RNAi-Fütterung in Flüssigkultur: Eine Hochdurchsatzmethode zur Unterdrückung der Genexpression in C. elegans

- Zu Beginn fügen Sie Carbenicillin und ein millimolares IPTG hinzu, um Kulturflaschen mit S-Basalmedien zu kontrollieren und zu testen. Schleudern Sie ein Röhrchen mit Larven im ersten Wachstumsstadium, auch L1-Larven genannt, für einige Minuten. Entfernen Sie nun den Überstand und geben Sie zwei Mikroliter L1s auf eine Agarplatte. Legen Sie die Platte unter ein Präpariermikroskop und zählen Sie die Anzahl der Larven.

RNAi-Bakterien, die ein unspezifisches RNAi-Plasmid tragen, in den Kontrollkolben und Bakterien mit Gen-Targeting-RNAi in den Testkolben geben. Die Menge der hinzugefügten Bakterien sollte proportional zur Anzahl der Würmer sein.

Lassen Sie die Larven unter ständigem Schütteln wachsen, um eine ausreichende Sauerstoffversorgung zu gewährleisten. Die Larven ernähren sich von den Bakterien. Im Inneren der Larve bindet die kleine interferierende RNA an die komplementäre mRNA, die vom Zielgen produziert wird, und hemmt die Proteinexpression. Untersuchen Sie schließlich die Würmer auf Ihren Phänotyp, der Sie interessiert.

Im Beispielprotokoll werden wir L1-Larven in Flüssigkultur mit RNAi behandeln, die auf das daf-2-Gen abzielt.

- Zu Beginn der Behandlung geben Sie 207,45 Milliliter S-Basalmedium mit zusätzlichen Reagenzien, wie im begleitenden Textprotokoll beschrieben, in einen 2.800-Milliliter-Fernbach-Kulturkolben.
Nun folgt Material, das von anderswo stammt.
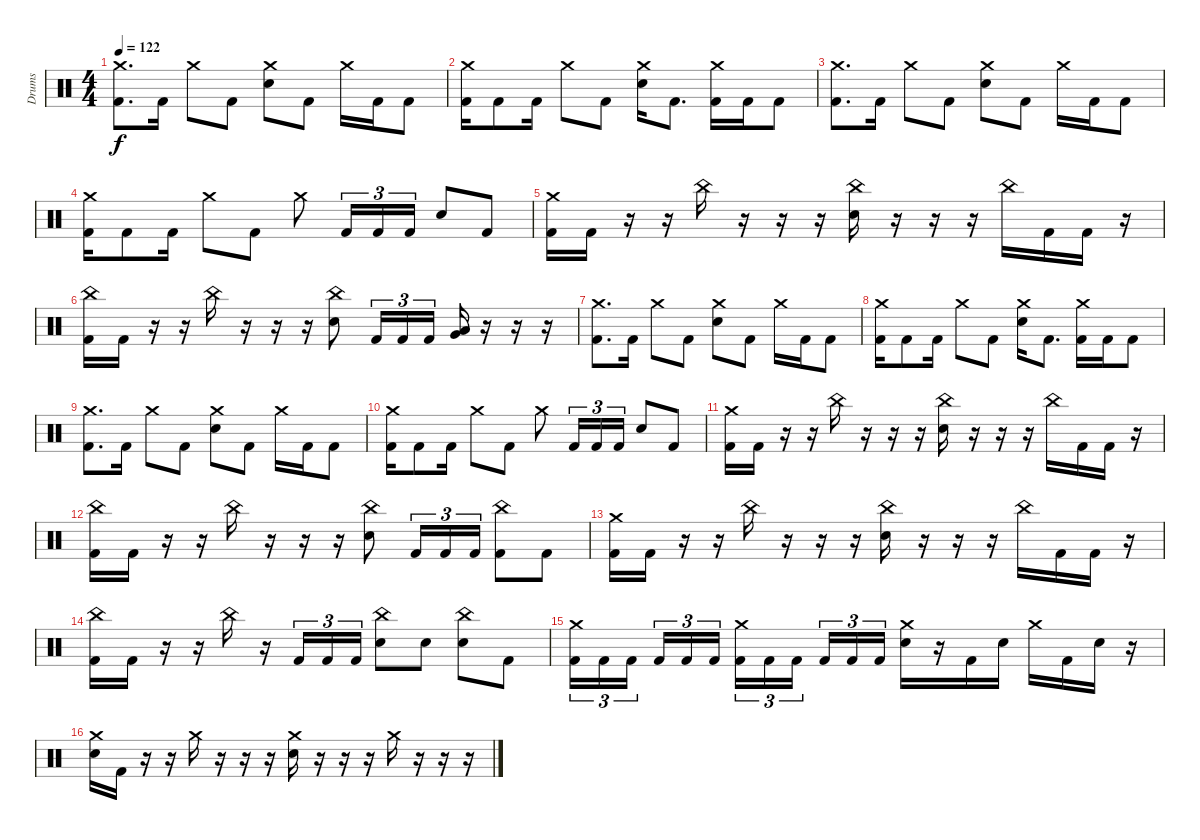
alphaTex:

Es wird eine Endkonzentration von 50 μg je Milliliter Carbenicillin und 1 Millimolar IPTG zugegeben und der Kolben mit einem Membranschraubverschluss verschlossen

Nehmen Sie die L1 aus dem 25 Grad Celsius heißen Inkubator und geben Sie sie in 15 Milliliter Röhrchen. Zentrifugieren Sie die L1s drei Minuten lang bei 1.900 mal g. Nach dem Schleudern den Überstand entfernen. Zählen Sie unter einem Mikroskop die L1s pro zwei Mikroliter und mitteln Sie die Zahlen, die aus mindestens neun Tropfen gewonnen wurden.

Als nächstes geben Sie 50.000 Würmer für die Sammlung junger Würmer und 100.000 Würmer für die Sammlung gealterter Würmer in vier Fernbach-Kulturfläschchen, die im vorherigen Schritt vorbereitet wurden. Fügen Sie dann Kontroll-RNAi-Bakterien und RNAi-Bakterien für das interessierende Gen proportional zur Anzahl der Würmer hinzu.

Nach der Zugabe von Bakterien die Wurmkultur mit S basal abschließen, um das Gesamtvolumen auf 300 Milliliter zu bringen. Inkubieren Sie die Wurmkultur bei 25 Grad Celsius in einem Schüttelinkubator mit 150 U/min bis zur Entnahme.